Data Engineering #
On this page you will find my often opinionated notes with regards to various Data Engineering related topics. Topics that overlap with Software Engineering are found in the Software Engineering pages.
I like to think about Data Engineering as a discipline that spans four pillars of activity. Personally, I allocate time to each of these pillars balancing my activities between them.
Data Operations #
It’s all about the ongoing, day-to-day activities that keep data pipelines running smoothly. This includes monitoring, incident management, troubleshooting, standard infrastructure changes, and 2nd/3rd level support.
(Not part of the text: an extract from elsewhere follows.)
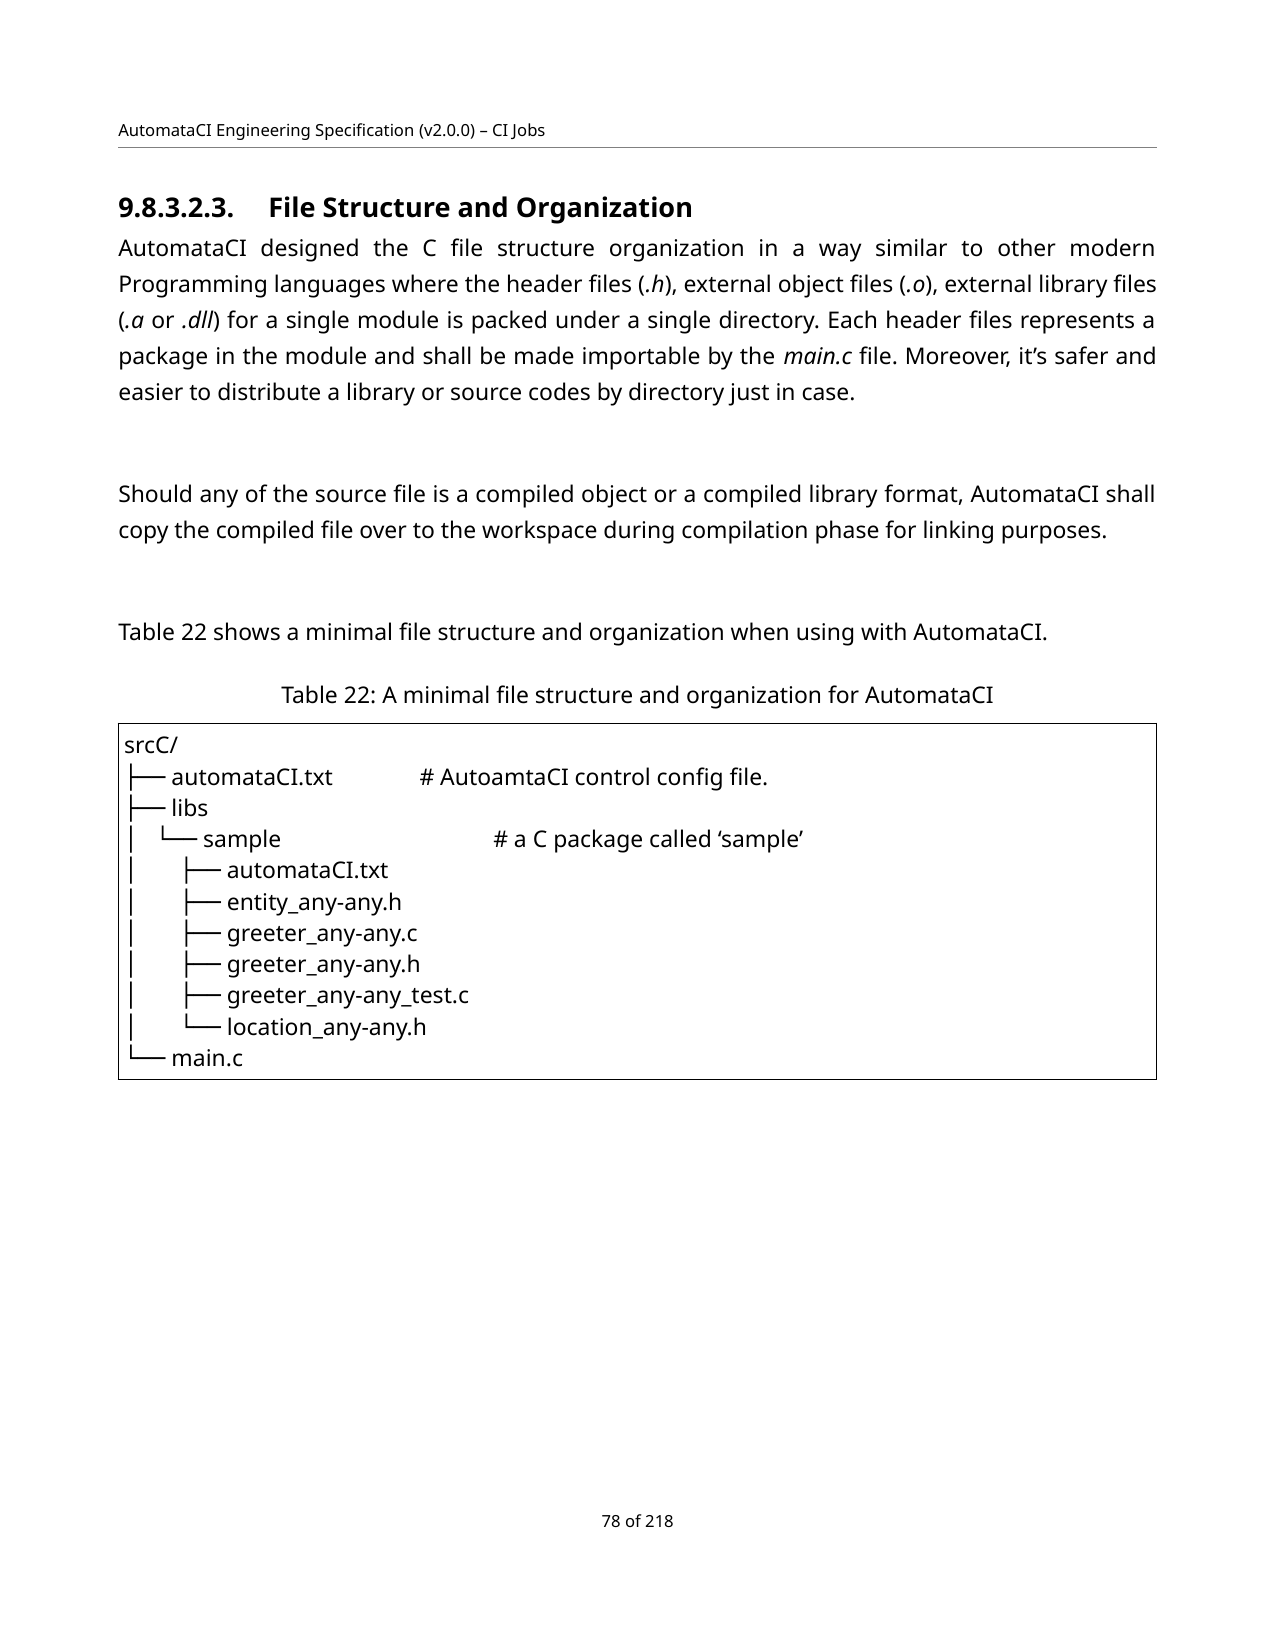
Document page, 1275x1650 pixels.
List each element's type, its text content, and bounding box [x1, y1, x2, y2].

While doing these activities we notice patterns and can use our findings to avoid future problems.
Strategic Foundations #
Activities in this pillar entail designing the strategic frameworks and guidelines that shape how we develop, how data is modeled, stored, replicated, and protected, ensuring a sustainable long-term setup. Defining the strategy for documentation, and observability practices also falls into this pillar.
ETL & ELT #
This is about core Data Engineering activities like building and managing the data pipelines, including extraction, ingestion/load, transformation, and reverse ETL, ensuring data is accurate, accessible, and timely for downstream use. This is all about the efficient development fast, reliable and cost effective ETL/ELT pipelines, ensuring data quality & validation.
Data Platform #
Data Platform activities, are all those activities related to the enabling technology stack that underpin all data engineering and analytics activities — cloud infrastructure, orchestration, and the tools that power them. This pillar is a lot about configuring cloud services & infrastructure, cost management/FinOps, and monitoring the technology stack itself.
(Modern) Data Stack #
The no longer so modern Data Stack offers another really nice perspective on the data engineering landscape, with a focus on tooling. I have created my own version of this well known diagram.
The sub pages you will be structured first by the four pillars and the sub structure is inspired by the Modern Data Stack.
To get a good overview of Data Engineering, I can only recommend the Book Fundamentals of Data Engineering: Plan and Build Robust Data Systems 1st Edition by Joe Reis, and Matt Housley.